Much as I have argued that social movements are emotional movements, it seems to me that in this case, only a higher principle — an ethic beyond emotion — can win the day. This principle is human rights.
To people around the world, human rights are not an abstraction. You might hear a Canadian teenager casually refer to health care as a human right, or a Bolivian peasant proclaim that his human rights are violated when a corporation buys his village’s local spring and sells the water back to him. These people, from extremely disparate circumstances, understand that everybody gets human rights simply by being born in a human body. You don’t have to deserve them, and, no matter how bad you are, you cannot lose them. They’re inalienable. No exceptions. State-sanctioned killing, they know, is the most fundamental violation of the human right to life.
“Unfortunately, the argument based solely on human rights usually does not fly with typical Americans,” Lawler wrote me. And the absence of a human rights tradition or culture makes abolition that much harder because it enables Americans to wipe large swaths of two-legged hairless mammals — “aliens,” “terrorists,” “predators” — from the category of humanity. Then we can kill them. “He’s not a normal person like the rest of us,” said Terry King’s sister Barbara Tuttle at Fell’s sentencing. “He’s subhuman. Now he’s going to his punishment.”

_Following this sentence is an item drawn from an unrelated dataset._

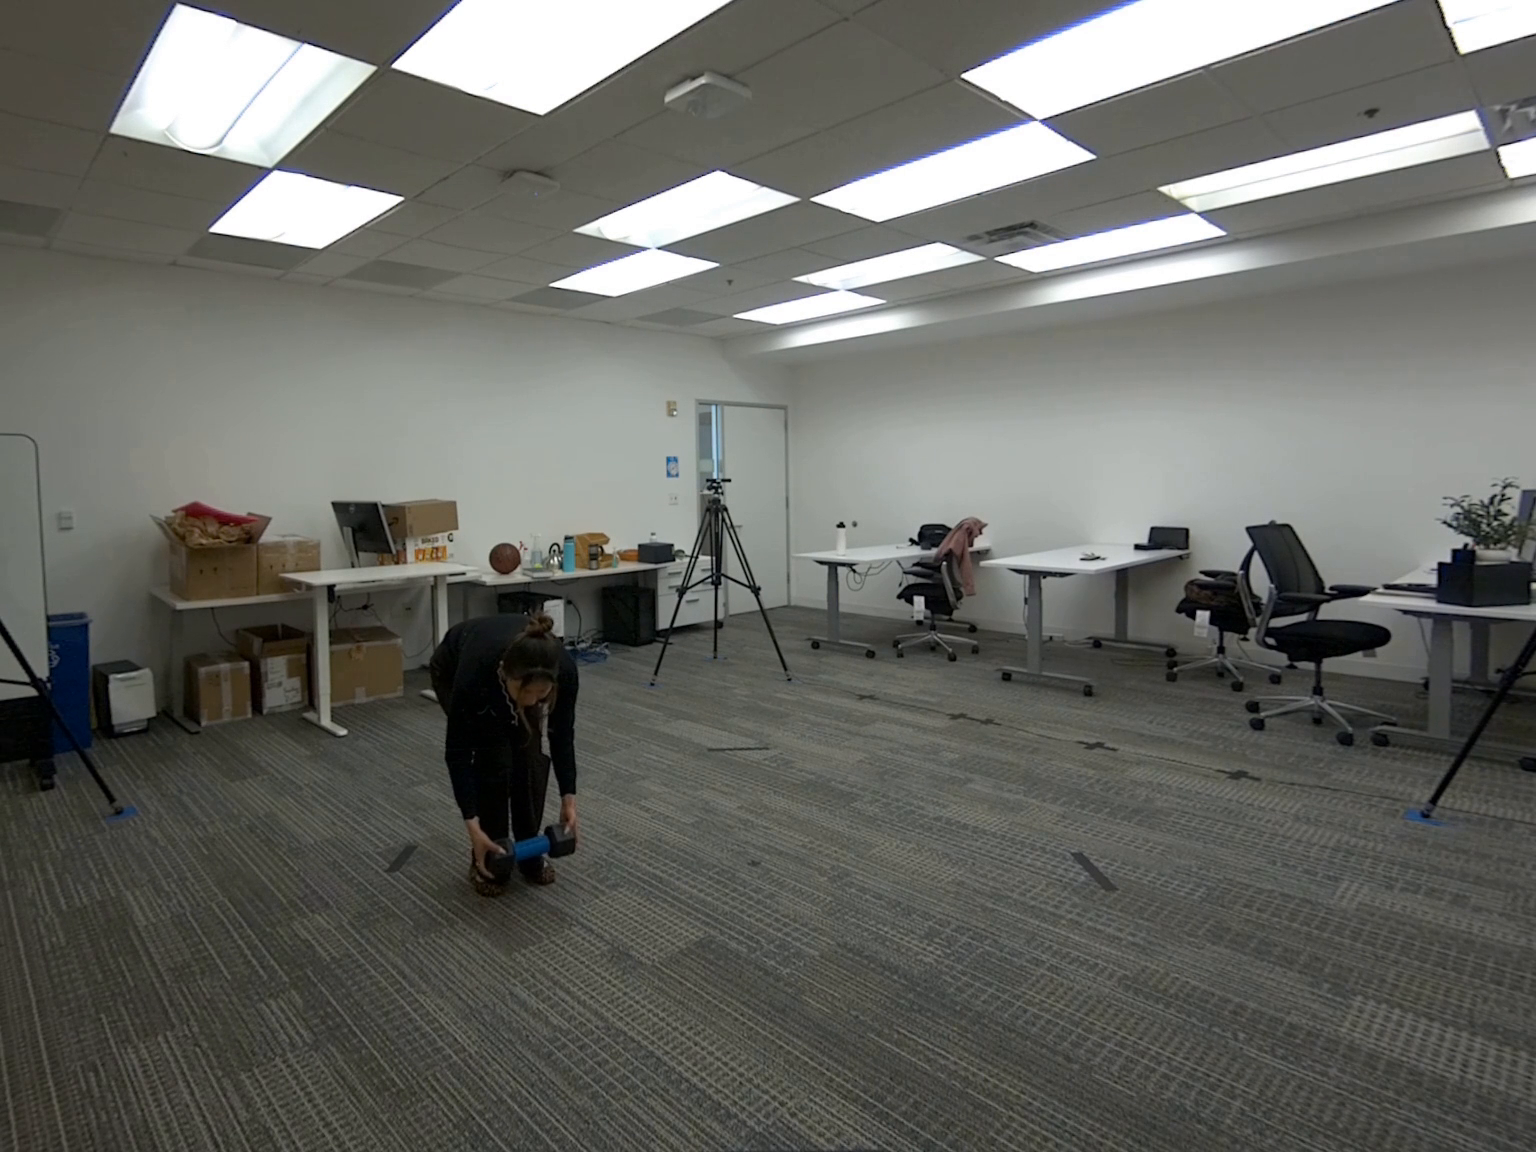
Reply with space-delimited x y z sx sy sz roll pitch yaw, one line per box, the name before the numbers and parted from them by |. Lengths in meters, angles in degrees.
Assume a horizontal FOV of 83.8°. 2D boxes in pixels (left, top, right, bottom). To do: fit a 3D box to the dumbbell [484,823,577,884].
dumbbell | -0.799 0.893 2.840 0.287 0.107 0.127 -9 47 -29

Rachel Lawler and her comrades in the abolitionist movement have not given up on Barbara Tuttle, and for that I thank them. They also continue to talk about human rights, even though they know the argument may not fly. Vermont should take their example, and in its best moments it has. Some citizens opposed Act 60 and civil unions, but both laws make real the principle that every person counts equally. With experience, maybe the feelings will follow.

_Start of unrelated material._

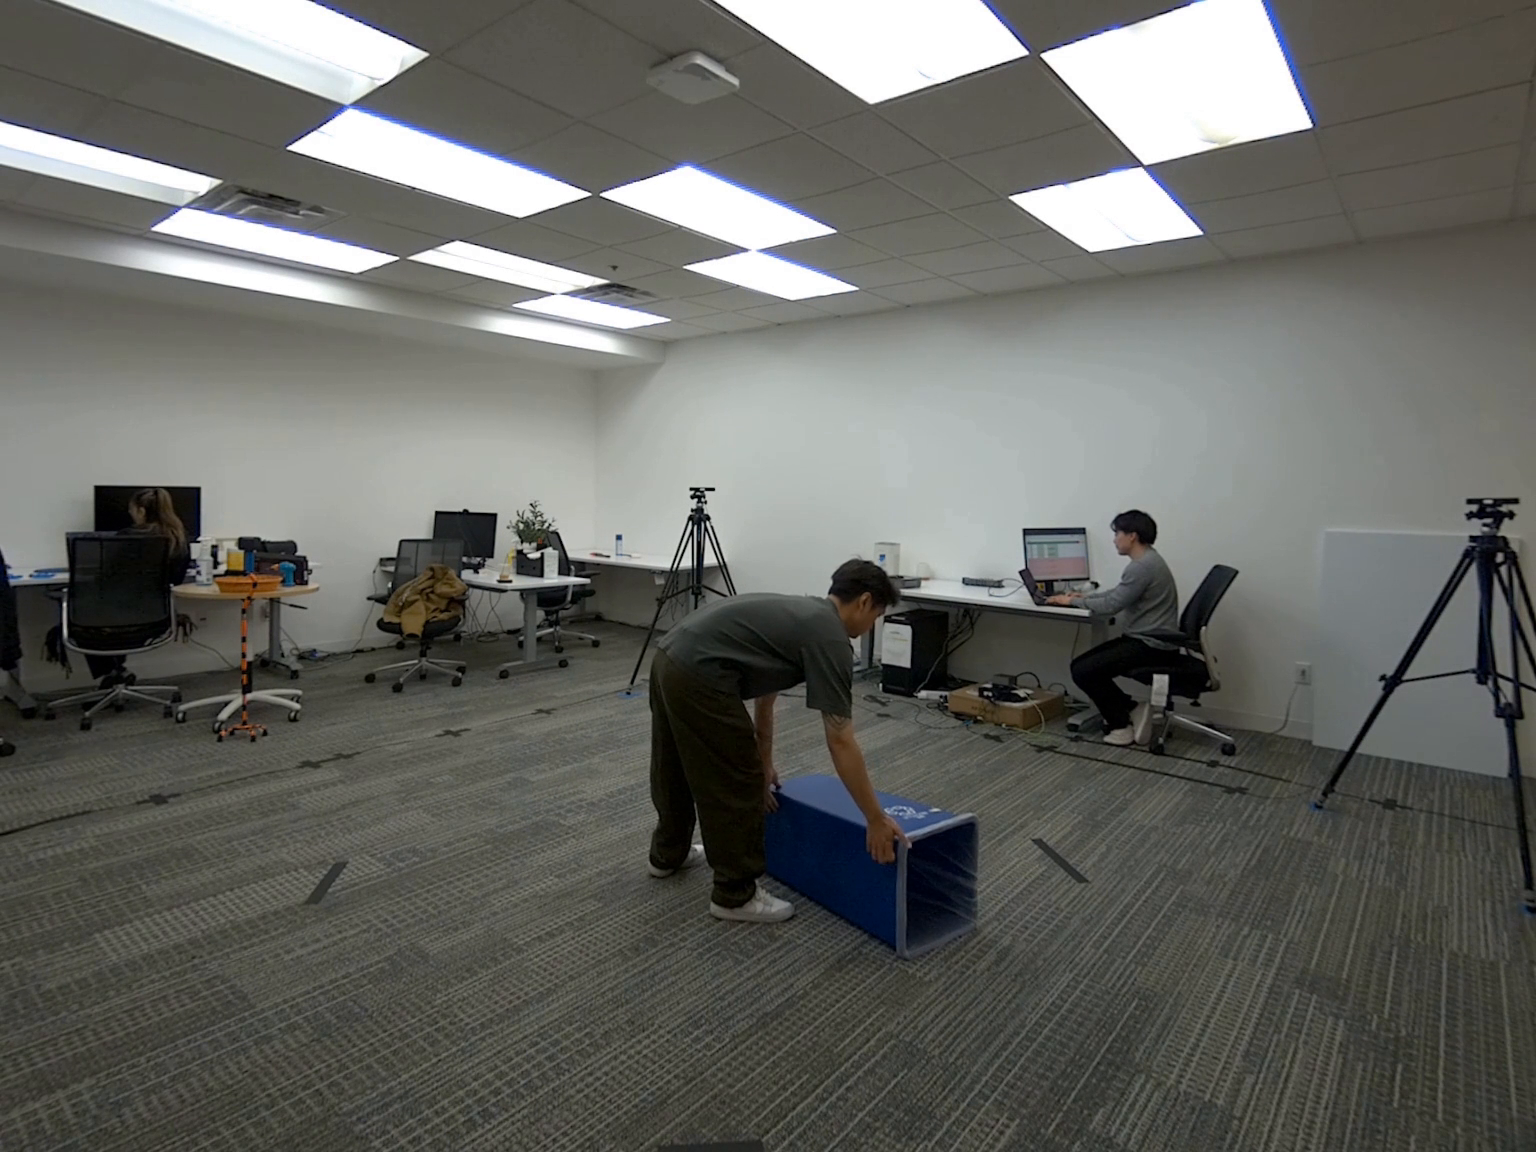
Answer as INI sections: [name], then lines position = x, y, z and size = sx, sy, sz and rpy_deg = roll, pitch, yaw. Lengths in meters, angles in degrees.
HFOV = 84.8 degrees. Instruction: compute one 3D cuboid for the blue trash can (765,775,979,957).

And maybe there is an incipient emotion of human rights out there in America. For an example, I refer you to the homepage of Pro-Death Penalty (prodeath penalty.com), graced by the photograph of a smiling 8-year-old Tennessean named Cary Ann Medlin. “Jesus loves you,” we learn Cary kept telling her rapist Robert Coe, before he slit her throat. I could be wrong, but I take Cary’s statement to be an affirmation of the man’s humanity.